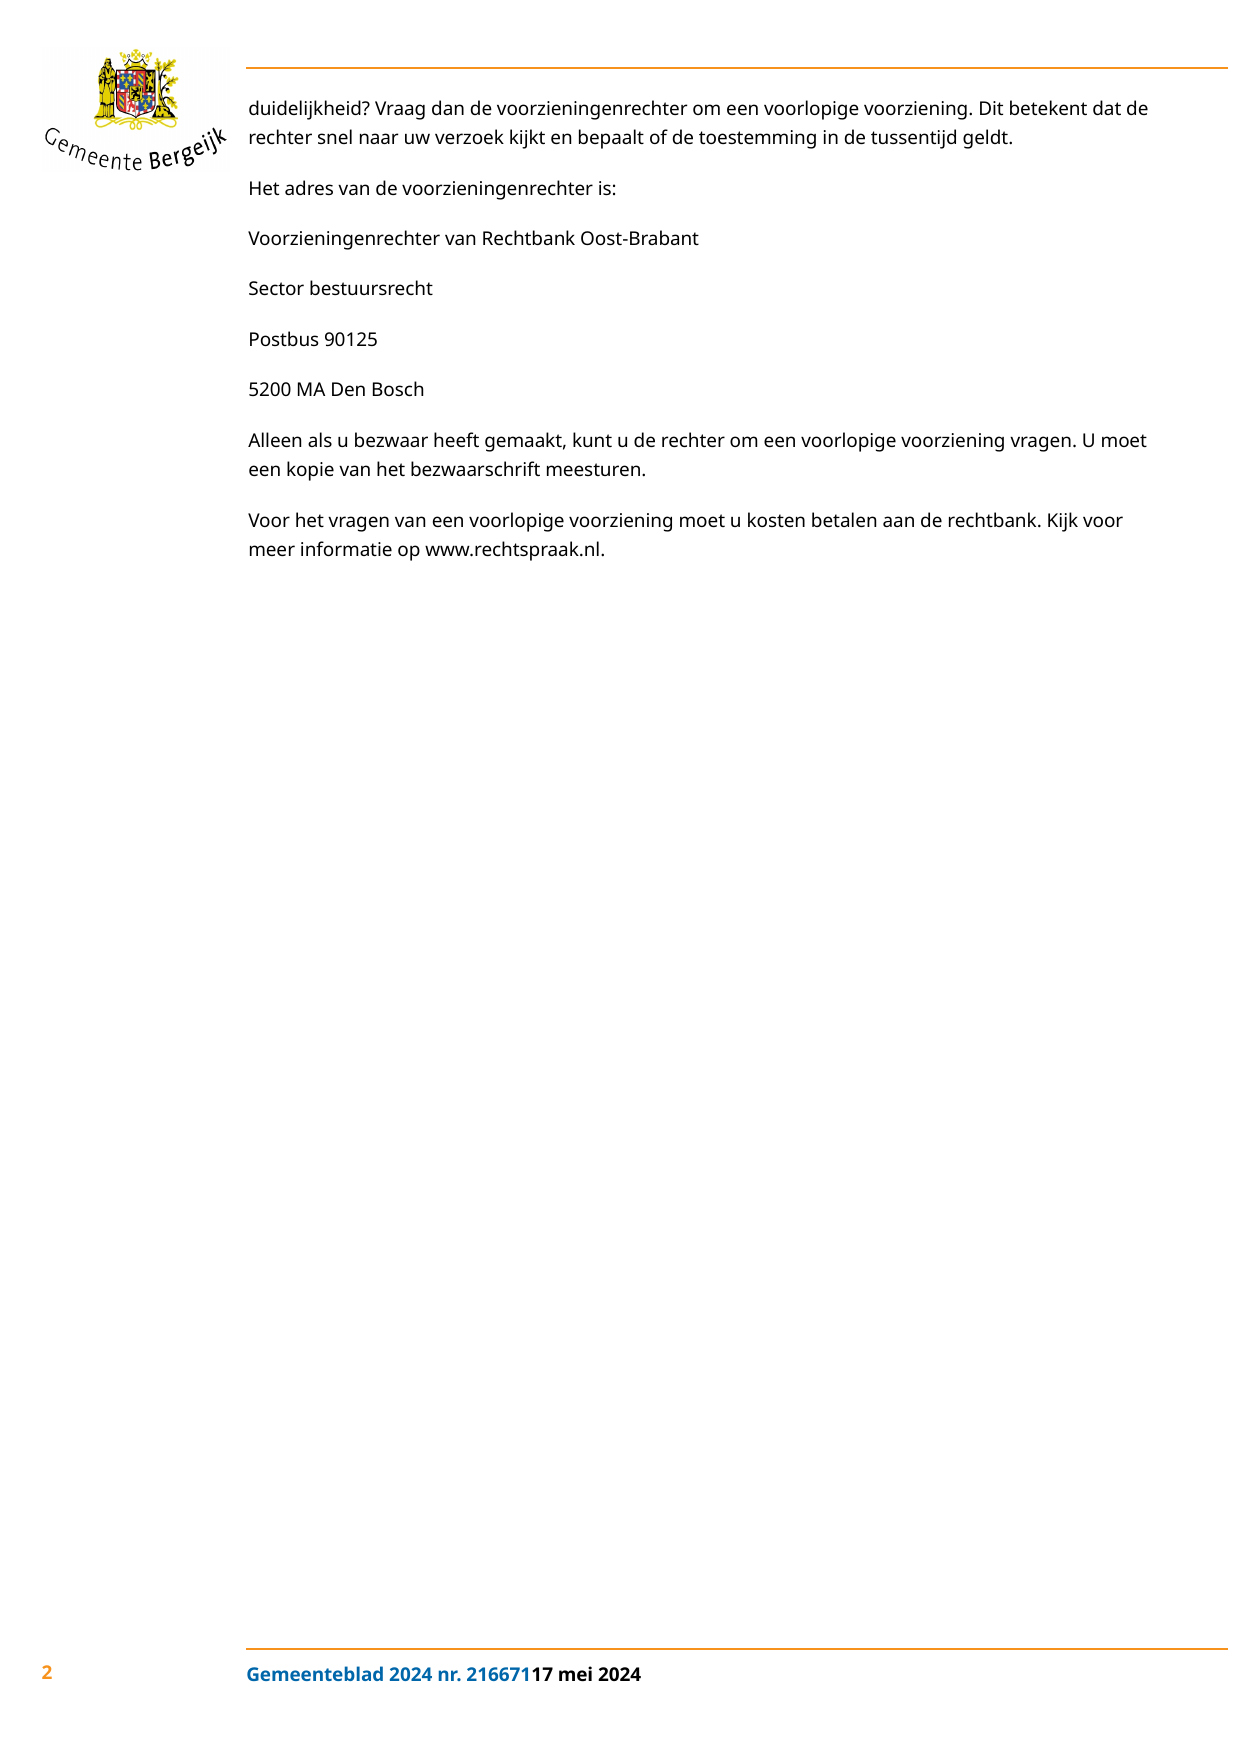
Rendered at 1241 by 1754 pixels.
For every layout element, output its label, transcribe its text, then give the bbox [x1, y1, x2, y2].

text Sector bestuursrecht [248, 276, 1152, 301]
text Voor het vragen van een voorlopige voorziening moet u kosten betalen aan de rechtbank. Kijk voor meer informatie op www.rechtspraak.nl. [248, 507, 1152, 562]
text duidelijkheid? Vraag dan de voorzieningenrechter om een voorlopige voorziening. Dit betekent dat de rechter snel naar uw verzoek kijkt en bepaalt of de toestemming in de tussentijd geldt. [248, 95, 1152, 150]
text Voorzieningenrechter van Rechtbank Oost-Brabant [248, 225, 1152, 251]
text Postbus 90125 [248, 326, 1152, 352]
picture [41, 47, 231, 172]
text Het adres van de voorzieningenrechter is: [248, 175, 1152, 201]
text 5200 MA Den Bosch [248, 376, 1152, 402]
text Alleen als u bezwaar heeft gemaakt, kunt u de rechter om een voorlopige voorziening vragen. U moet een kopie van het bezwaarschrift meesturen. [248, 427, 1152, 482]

* [WHAT TO WORK ON] Quote, without alteration, the final stretch of the entries: the line with "For every layout" onward to the last line.

* [RESULT FOR THIS TASK]
For every layout element, output its label, transcribe its text, then give the bbox [x1, y1, x2, y2].

text Sector bestuursrecht [248, 276, 1152, 301]
text Voor het vragen van een voorlopige voorziening moet u kosten betalen aan de rechtbank. Kijk voor meer informatie op www.rechtspraak.nl. [248, 507, 1152, 562]
text duidelijkheid? Vraag dan de voorzieningenrechter om een voorlopige voorziening. Dit betekent dat de rechter snel naar uw verzoek kijkt en bepaalt of de toestemming in de tussentijd geldt. [248, 95, 1152, 150]
text Voorzieningenrechter van Rechtbank Oost-Brabant [248, 225, 1152, 251]
text Postbus 90125 [248, 326, 1152, 352]
picture [41, 47, 231, 172]
text Het adres van de voorzieningenrechter is: [248, 175, 1152, 201]
text 5200 MA Den Bosch [248, 376, 1152, 402]
text Alleen als u bezwaar heeft gemaakt, kunt u de rechter om een voorlopige voorziening vragen. U moet een kopie van het bezwaarschrift meesturen. [248, 427, 1152, 482]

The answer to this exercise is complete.